**Work request:** The records below are to be restated word for word, with every picture left out.
──────
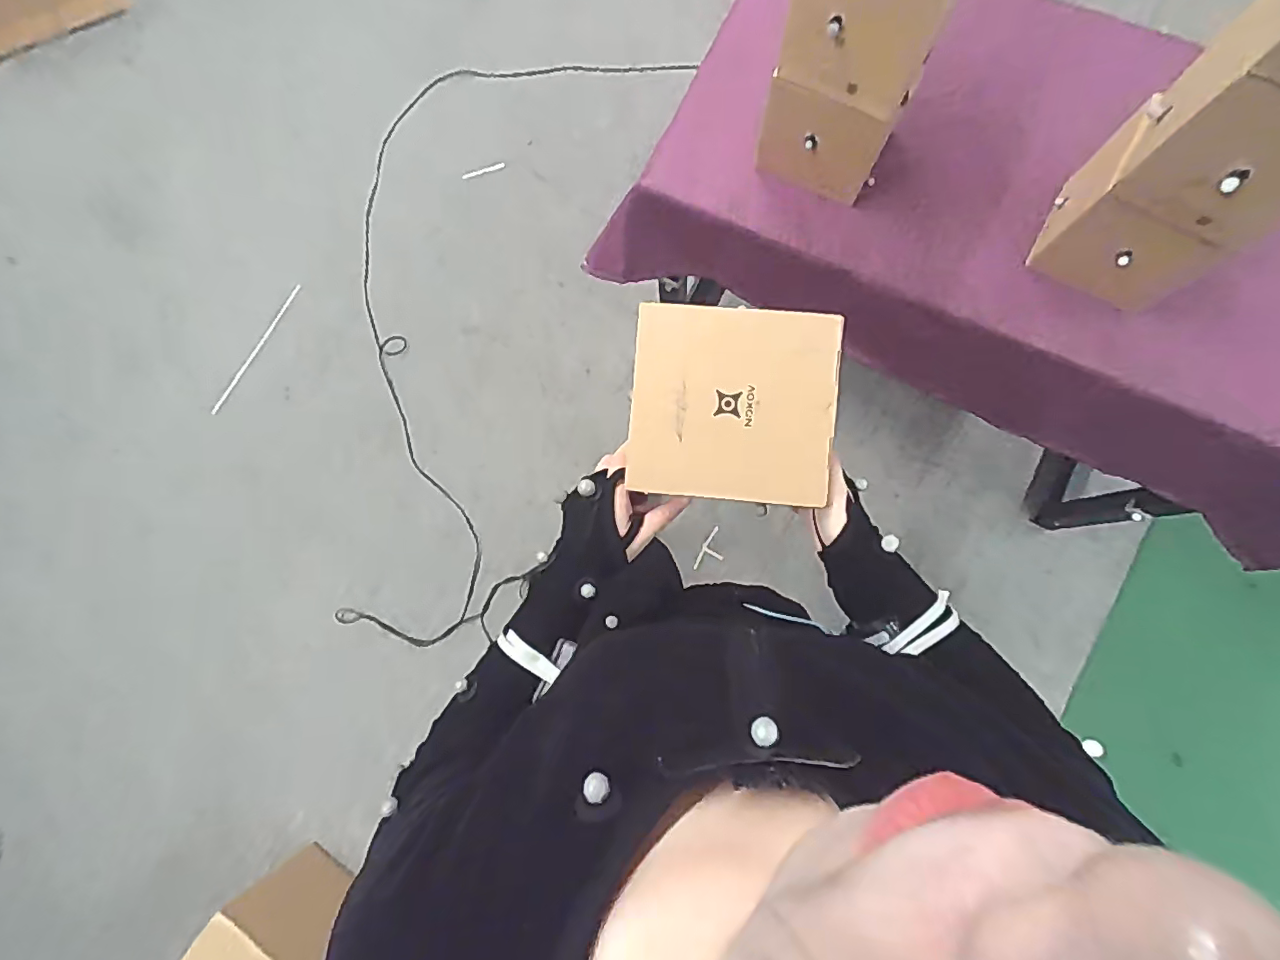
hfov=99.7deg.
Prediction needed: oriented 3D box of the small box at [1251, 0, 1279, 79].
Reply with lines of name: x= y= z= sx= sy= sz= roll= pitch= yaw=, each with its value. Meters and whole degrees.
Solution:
small box: x=0.672 y=-0.425 z=0.430 sx=0.168 sy=0.176 sz=0.179 roll=31 pitch=82 yaw=8

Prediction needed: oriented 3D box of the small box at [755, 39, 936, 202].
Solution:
small box: x=0.294 y=-0.557 z=0.811 sx=0.179 sy=0.176 sz=0.168 roll=28 pitch=82 yaw=8

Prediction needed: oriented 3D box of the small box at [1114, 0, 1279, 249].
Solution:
small box: x=0.685 y=-0.395 z=0.593 sx=0.168 sy=0.176 sz=0.179 roll=32 pitch=84 yaw=8

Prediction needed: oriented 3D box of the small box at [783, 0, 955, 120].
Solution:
small box: x=0.288 y=-0.587 z=0.651 sx=0.168 sy=0.176 sz=0.179 roll=29 pitch=81 yaw=8
──────
**Expected answer:**
hfov=99.7deg.
Prediction needed: oriented 3D box of the small box at [1251, 0, 1279, 79].
Reply with lines of name: x= y= z= sx= sy= sz= roll= pitch= yaw=, each with its value. Meters and whole degrees.
Solution:
small box: x=0.672 y=-0.425 z=0.430 sx=0.168 sy=0.176 sz=0.179 roll=31 pitch=82 yaw=8

Prediction needed: oriented 3D box of the small box at [755, 39, 936, 202].
Solution:
small box: x=0.294 y=-0.557 z=0.811 sx=0.179 sy=0.176 sz=0.168 roll=28 pitch=82 yaw=8

Prediction needed: oriented 3D box of the small box at [1114, 0, 1279, 249].
Solution:
small box: x=0.685 y=-0.395 z=0.593 sx=0.168 sy=0.176 sz=0.179 roll=32 pitch=84 yaw=8

Prediction needed: oriented 3D box of the small box at [783, 0, 955, 120].
Solution:
small box: x=0.288 y=-0.587 z=0.651 sx=0.168 sy=0.176 sz=0.179 roll=29 pitch=81 yaw=8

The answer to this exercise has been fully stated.